CATEGORY : FISH & SHELLFISH

ENOUGH FOR : 2

INGRIEDIENTS

2 red chillies - split, cut into quarters lengthways and seeded
1 small red onion - chopped
2 ½ cm piece of fresh root ginger - peeled and chopped
1 tablespoon of vegetable or sunflower oil
1 teaspoon of black mustard seeds
½ teaspoon of fenugreek seeds
½ teaspoon of turmeric
½ teaspoon of cracked black peppercorns
250g/9oz of cooked & peeled jumbo prawns
150ml/5fl oz of reduced-fat coconut milk

to serve:
lime juice
fresh coriander
basmati rice - cooked
METHOD
In a food processor, blitz the chillies, onion and ginger with 3 tblsps water into a near smooth paste. Heat the oil in a heavy pan or wok. When hot, toss in the mustard and fenugreek seeds and fry for 10 seconds.
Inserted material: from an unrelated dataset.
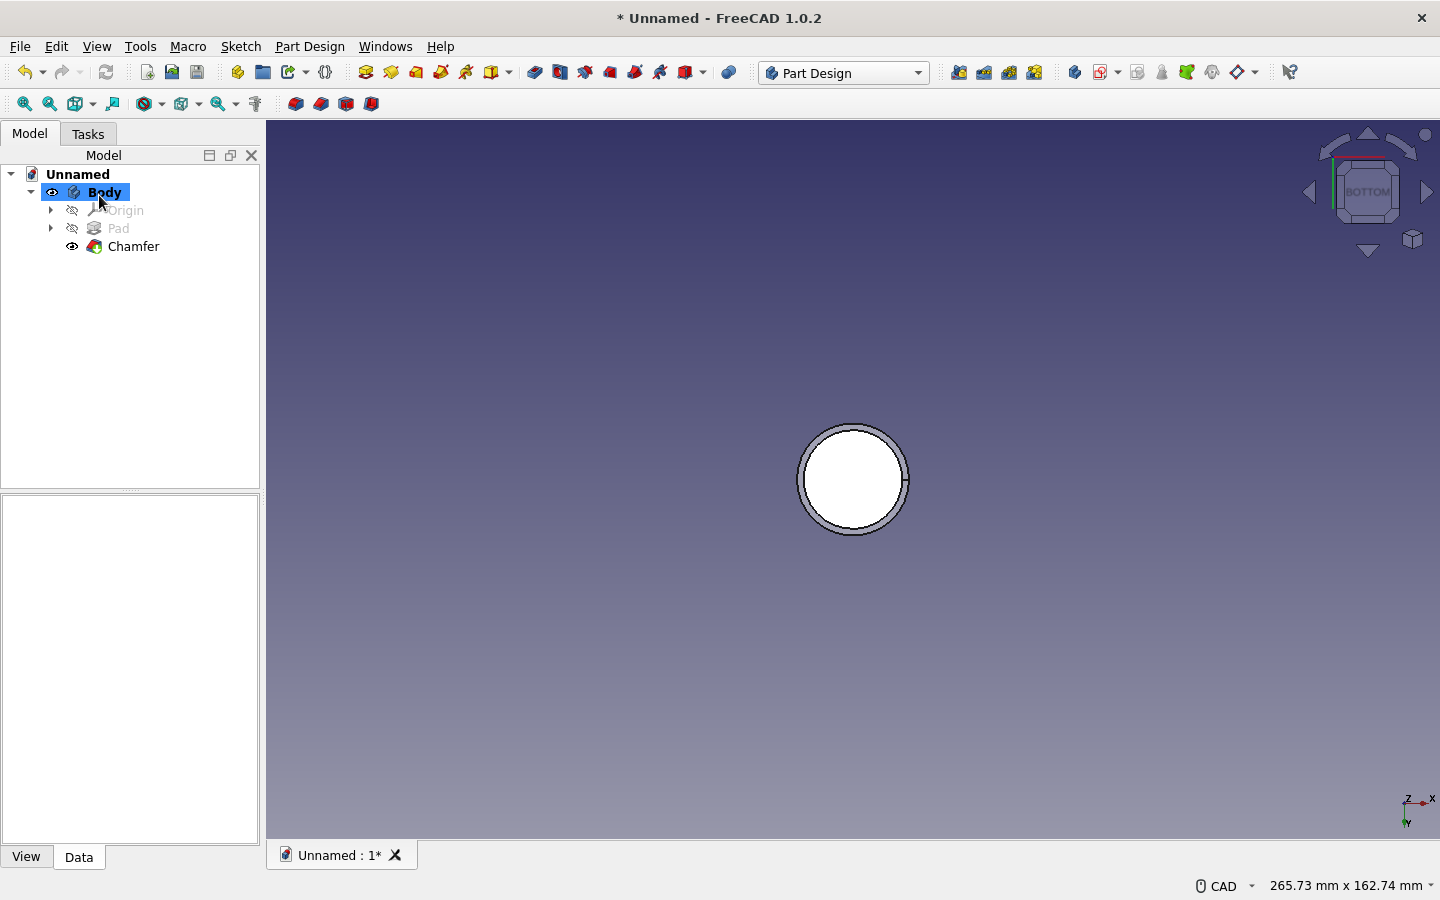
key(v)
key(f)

Add the onion paste, turn the heat down and cook without colouring for about 5 minutes. Add a splash of water if it starts to catch. Add the turmeric and cracked peppercorns and stir the spices around for a few seconds before adding the prawns. Pour in the coconut milk and bring to a simmer, stirring all the time. The milk will take on a yellow colour from the turmeric. Cook for 1 minute until heated through. Serve with rice, a squeeze of lime and fresh coriander.